Herewith the piece, which I hope to use as a springboard for a more thorough and bona fide investment thesis going forward:

Global population growth, pollution and climate change are combining with technological advances in medicine, increased migration and concentration of population clusters, and growing demand and changing dietary habits from the world’s emerging middle-classes, to exert unsustainable pressures on scarce resources such as fossil energy, agricultural land, fresh water and even fish.  In particular, the dearth of clean water should garner more concern.  A few years ago, the International Water Management Institute (IWMI) demonstrated that many countries are facing severe water scarcity, either as a result of a lack of available freshwater, or as a consequence of a lack of investment in infrastructure such as dams and reservoirs.  Making matters worse, this scarcity predominantly affects developing countries where the majority of the planet’s 840 million undernourished people live.  “Water is the oil of the 21st century,” declared Andrew Liveris, chief executive of Dow, a chemical company.  Yes and no.  While oil prices are subject to fluctuations in supply and demand, and thus prone to relatively swift and volatile swings in price, the consumption of, and demand for water continues to grow unabated.  Goldman Sachs, an investment bank, estimated that global water consumption is doubling every 20 years–an “unsustainable” rate of growth.  And The Economist observed that “water, unlike oil, has no substitute.”  However, like oil, new supplies of fresh water are harder to find.  “It’s increasingly obvious that we’re running up against limits to new [fresh water] supplies,” says Peter Gleick, president of the Pacific In­­­sti­­tute for Studies in Development, En­­vi­­­ron­­ment, and Sec­­ur­­ity. “It’s no long­­er cheap and easy to drill another well or dam another river.” 

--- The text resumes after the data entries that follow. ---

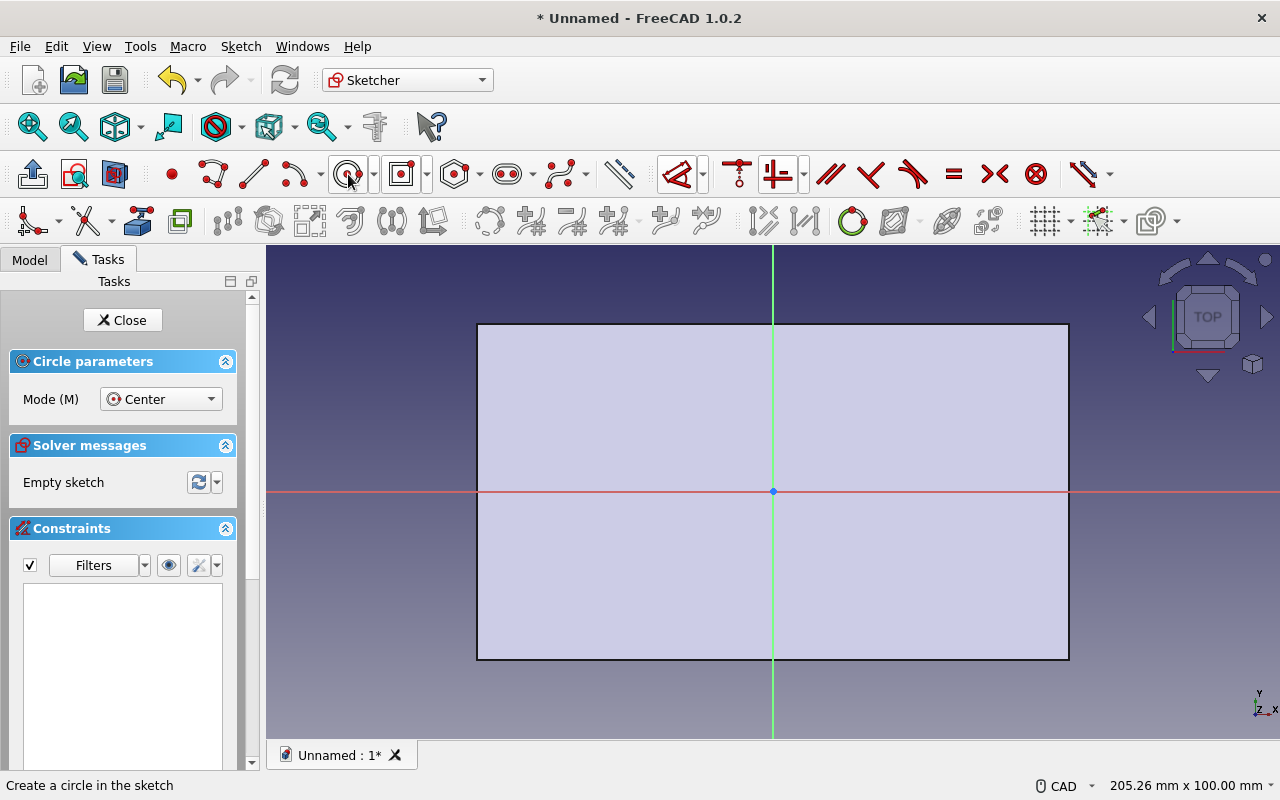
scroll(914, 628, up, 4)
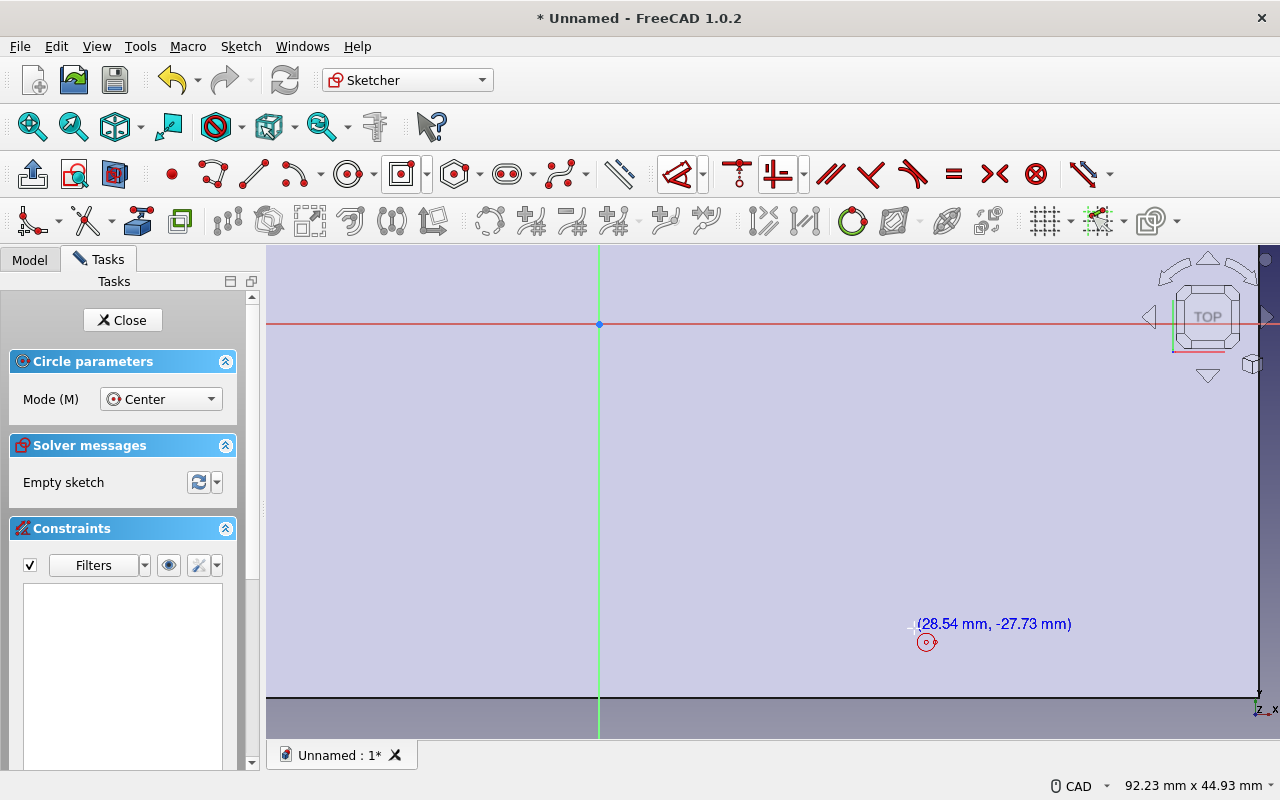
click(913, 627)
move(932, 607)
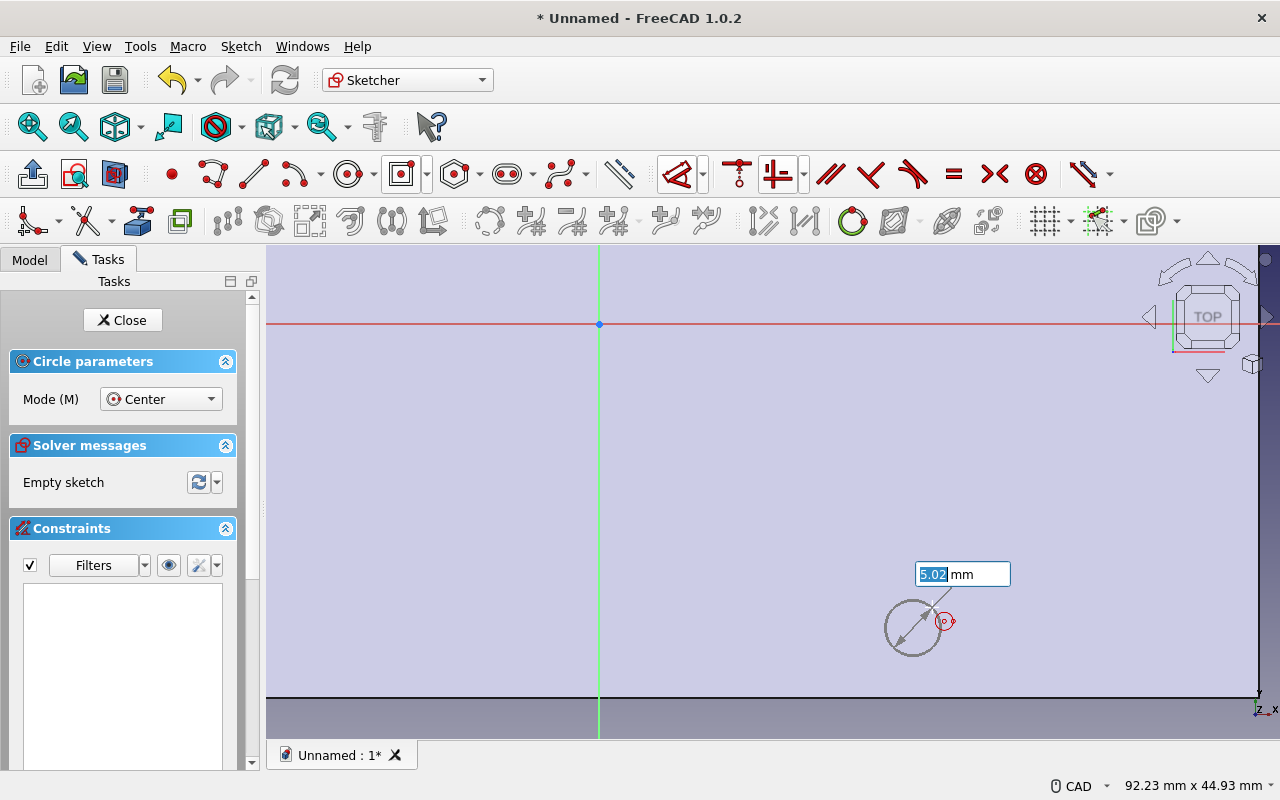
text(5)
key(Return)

The oil analogy also fails because unlike oil, water is never actually used up.  It only changes forms. According to NASA the world still has the same 326 quintillion gallons.  However, 97 percent of it is salty.  The remaining 3 percent of accessible, fresh-water supply is divided among industry (20 percent), agriculture (70 per­­cent), and domestic use (10 percent).  Theoretically, there should be enough water, even taking into account a global population increase of 6 to 9 billion by 2050.  However, pollution, waste and climate change have left clean water supplies approaching alarmingly low levels.  This drives up its cost.  In China the overall price of water scarcity is estimated to be 147 billion yuan ($21.4 billion) a year. And in 2007 poor water-quality cost China some $12 billion in lost industrial output alone.  Pollution especially is rampant in emerging economies where industrialization is growing but environmental concerns are often ignored.  The World Bank stated earlier this year that 90% of the rivers in China near urban areas are seriously polluted because of industrial waste dumping.  Waste takes on myriad forms across both developed and developing countries.  The Economist noted that “America’s generous subsidies for biofuel have increased the harvest of water-intensive crops that are now used for energy as well as food. And heavy subsidies for water in most parts of the world mean it is often grossly underpriced—and hence squandered.”  This is not to mention the growing “legitimate” use by industry, including firms not associated with agriculture.  Everything from chipmaking to energy production uses up water.  Anheuser-Busch operations suffered in late 2001 from a temporary drought in the Pacific Northwest, which affected not only its barley supplies, but also lowered its stores of aluminum whose production relies on cheap hydroelectric energy. Water scarcity thus affects not only core business operations, but also less obvious areas such as the supply chain.  Global climate change is more difficult to evaluate on net, though most pundits argue that its negative effects are already quite explicit.  In Kashmir, the Kolahoi glacier, which feeds a fertile Kashmir valley’s abundance in rice, wheat and corn, apple orchards and saffron fields, is melting so rapidly that some expect the glacier to be gone within a decade–an event which would threaten millions.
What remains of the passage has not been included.